To explore the potential clinical significance of DBR1, we performed and analyzed DBR1 protein levels from 112 cases of ESCC tissue by IHC stained with an anti-DBR1 antibody. It showed that DBR1 protein was largely located in the nucleus of ESCC tissues (Figure 1). It was consistent with previous reports.

Figure 1.

The subcellular location of DBR1 in ESCC tissue (left: × 40, right: × 200). The scale bar represents 500 μm (left) and 100 μm (right).

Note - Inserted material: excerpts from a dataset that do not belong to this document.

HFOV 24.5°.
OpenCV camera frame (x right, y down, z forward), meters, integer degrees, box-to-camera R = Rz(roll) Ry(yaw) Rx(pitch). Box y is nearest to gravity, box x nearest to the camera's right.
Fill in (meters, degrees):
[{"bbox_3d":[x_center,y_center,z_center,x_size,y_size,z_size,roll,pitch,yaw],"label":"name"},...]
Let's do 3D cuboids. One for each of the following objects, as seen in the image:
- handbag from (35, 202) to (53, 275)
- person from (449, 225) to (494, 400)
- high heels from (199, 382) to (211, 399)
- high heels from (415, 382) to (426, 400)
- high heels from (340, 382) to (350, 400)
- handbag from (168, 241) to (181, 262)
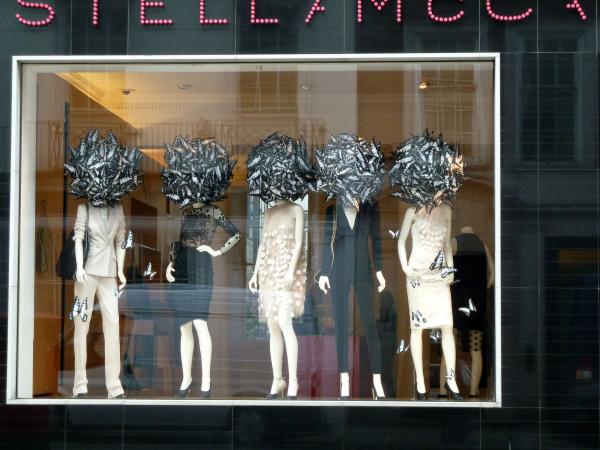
[{"bbox_3d":[-2.368,0.116,12.898,0.167,0.683,0.048,0,-5,-7],"label":"handbag"},{"bbox_3d":[1.584,0.796,12.709,0.379,1.565,0.088,-1,-5,5],"label":"person"},{"bbox_3d":[-0.871,1.524,12.781,0.097,0.154,0.063,0,-5,-4],"label":"high heels"},{"bbox_3d":[1.102,1.533,12.700,0.117,0.134,0.196,0,-10,-3],"label":"high heels"},{"bbox_3d":[0.411,1.531,12.714,0.123,0.197,0.110,-1,-39,1],"label":"high heels"},{"bbox_3d":[-1.168,0.244,12.818,0.162,0.163,0.043,-2,-6,13],"label":"handbag"}]
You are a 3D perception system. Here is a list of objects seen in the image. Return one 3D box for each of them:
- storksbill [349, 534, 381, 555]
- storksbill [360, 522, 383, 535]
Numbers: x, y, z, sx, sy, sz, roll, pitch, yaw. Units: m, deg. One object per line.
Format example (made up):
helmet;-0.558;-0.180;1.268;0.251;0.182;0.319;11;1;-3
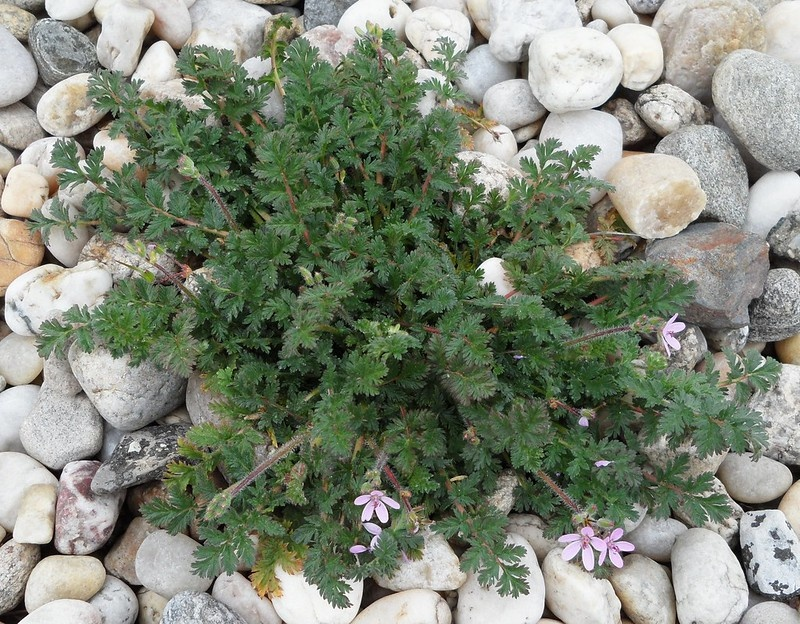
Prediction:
storksbill;-0.187;1.215;4.237;0.043;0.245;0.084;-24;82;-31
storksbill;-0.166;1.114;4.176;0.108;0.074;0.032;-33;45;35
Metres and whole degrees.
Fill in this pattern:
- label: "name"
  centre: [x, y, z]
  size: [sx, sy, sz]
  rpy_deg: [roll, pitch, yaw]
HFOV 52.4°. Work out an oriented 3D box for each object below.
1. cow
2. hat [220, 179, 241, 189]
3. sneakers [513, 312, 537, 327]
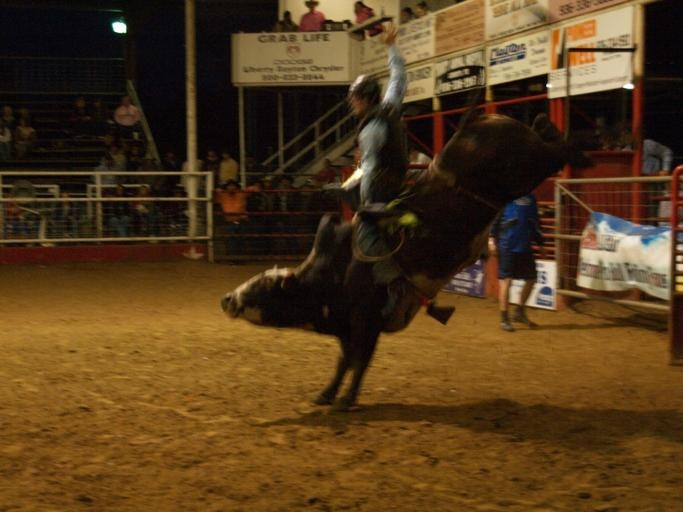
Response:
- label: "cow"
  centre: [0.457, 0.140, 4.846]
  size: [2.230, 2.154, 0.735]
  rpy_deg: [4, 4, 27]
- label: "hat"
  centre: [-2.350, -1.515, 14.565]
  size: [0.331, 0.152, 0.271]
  rpy_deg: [0, -5, 11]
- label: "sneakers"
  centre: [2.260, 0.792, 8.706]
  size: [0.360, 0.124, 0.123]
  rpy_deg: [18, -7, 45]
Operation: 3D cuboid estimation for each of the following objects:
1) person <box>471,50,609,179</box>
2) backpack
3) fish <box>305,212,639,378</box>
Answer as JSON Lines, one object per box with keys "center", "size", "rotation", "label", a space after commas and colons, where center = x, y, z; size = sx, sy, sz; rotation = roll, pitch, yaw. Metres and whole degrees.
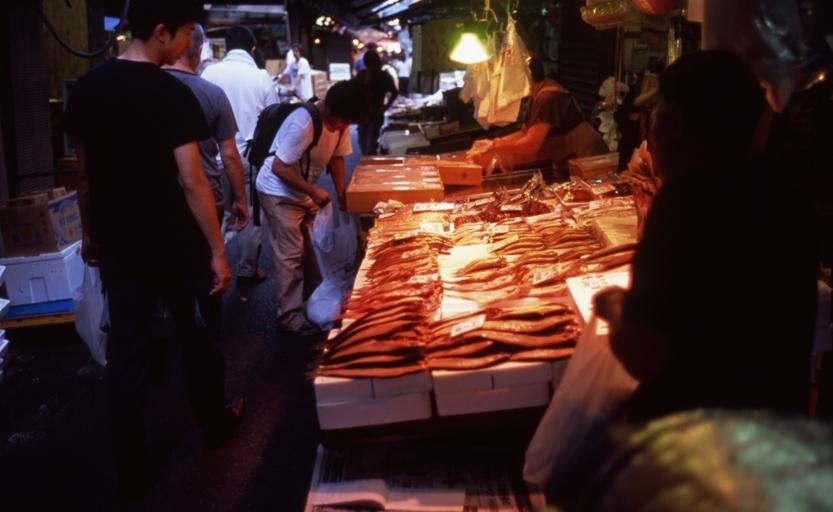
{"center": [1.304, -1.502, 6.240], "size": [1.521, 1.245, 0.884], "rotation": [-4, 15, 7], "label": "person"}
{"center": [-1.255, -1.116, 5.285], "size": [0.720, 0.649, 0.465], "rotation": [8, 16, -19], "label": "backpack"}
{"center": [0.282, 0.244, 3.444], "size": [1.137, 0.165, 1.252], "rotation": [-5, 24, 16], "label": "fish"}
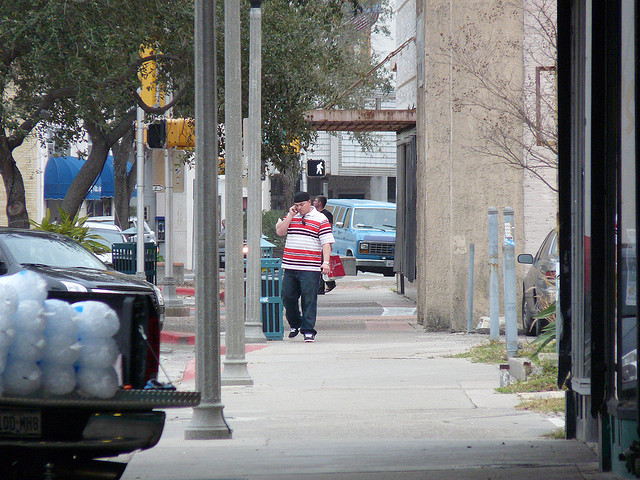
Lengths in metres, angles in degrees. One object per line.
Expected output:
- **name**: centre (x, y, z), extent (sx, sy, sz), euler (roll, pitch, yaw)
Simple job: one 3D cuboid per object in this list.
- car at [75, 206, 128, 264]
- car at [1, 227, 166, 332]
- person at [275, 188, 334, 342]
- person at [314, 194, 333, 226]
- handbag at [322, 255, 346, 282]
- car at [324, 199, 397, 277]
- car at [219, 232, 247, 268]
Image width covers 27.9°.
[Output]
- **car**: centre (-4.766, -0.083, 29.119), extent (1.736, 1.051, 1.055), euler (-2, 0, 41)
- **car**: centre (-3.186, 0.442, 17.691), extent (2.254, 1.240, 1.349), euler (-4, -5, 37)
- **person**: centre (-0.268, 0.457, 19.631), extent (0.714, 2.304, 0.920), euler (0, -3, -37)
- **person**: centre (0.139, -0.566, 25.548), extent (0.426, 0.443, 0.749), euler (0, -2, -9)
- **handbag**: centre (0.248, 0.548, 22.739), extent (0.320, 0.434, 0.581), euler (-21, -4, -3)
- **car**: centre (1.200, -0.076, 33.572), extent (1.298, 1.268, 2.209), euler (2, 2, -21)
- **car**: centre (-2.389, 0.148, 34.590), extent (0.843, 0.871, 1.612), euler (0, 8, 3)
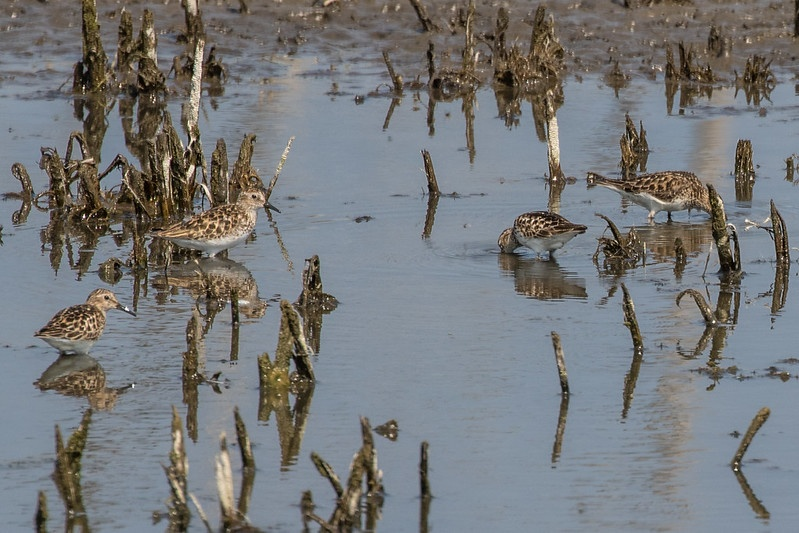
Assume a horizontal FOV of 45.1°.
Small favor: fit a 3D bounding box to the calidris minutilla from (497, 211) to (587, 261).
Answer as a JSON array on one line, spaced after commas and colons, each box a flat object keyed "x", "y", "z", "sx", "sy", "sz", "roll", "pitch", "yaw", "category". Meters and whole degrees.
[{"x": 2.344, "y": -0.510, "z": 15.798, "sx": 0.461, "sy": 0.779, "sz": 1.616, "roll": -11, "pitch": 14, "yaw": -34, "category": "calidris minutilla"}]

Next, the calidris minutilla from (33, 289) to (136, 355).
[{"x": -4.164, "y": 0.768, "z": 12.679, "sx": 0.561, "sy": 0.915, "sz": 1.449, "roll": 12, "pitch": 8, "yaw": 29, "category": "calidris minutilla"}]

The Association Between DBR1 Expression and Relevant Clinicopathological Characteristics in ESCC Patients

We further analyzed the correlation between DBR1 and clinicopathological characteristics in ESCC patients. ROC analysis indicated the optimum cut-off value of DBR1 is the H-score of 78.1271, and thus the patients were divided into DBR1low and DBR1high. The results showed that decreased DBR1 expression was remarkably associated with tumor location (P < .05), pathologic T stage (P < .05), lymphatic metastasis (P < .01), pathologic N classification (P < .05), and survival status (P < .01). And there were no statistical expression changes between age groups (<60 yr vs ≥60 yr, P > .05) and gender groups (male vs female, P > .05) (Table 1). Additionally, DBR1 expression didn’t show a remarkable correlation with TNM staging (P > .05), but the DBR1high group had a much higher percentage in early-stage patients. All these results suggested that decreased DBR1 may be associated with the malignant features of ESCC.

Table 1.

The Correlation Between DBR1 Expression and Clinical Features in Tissue Microarray.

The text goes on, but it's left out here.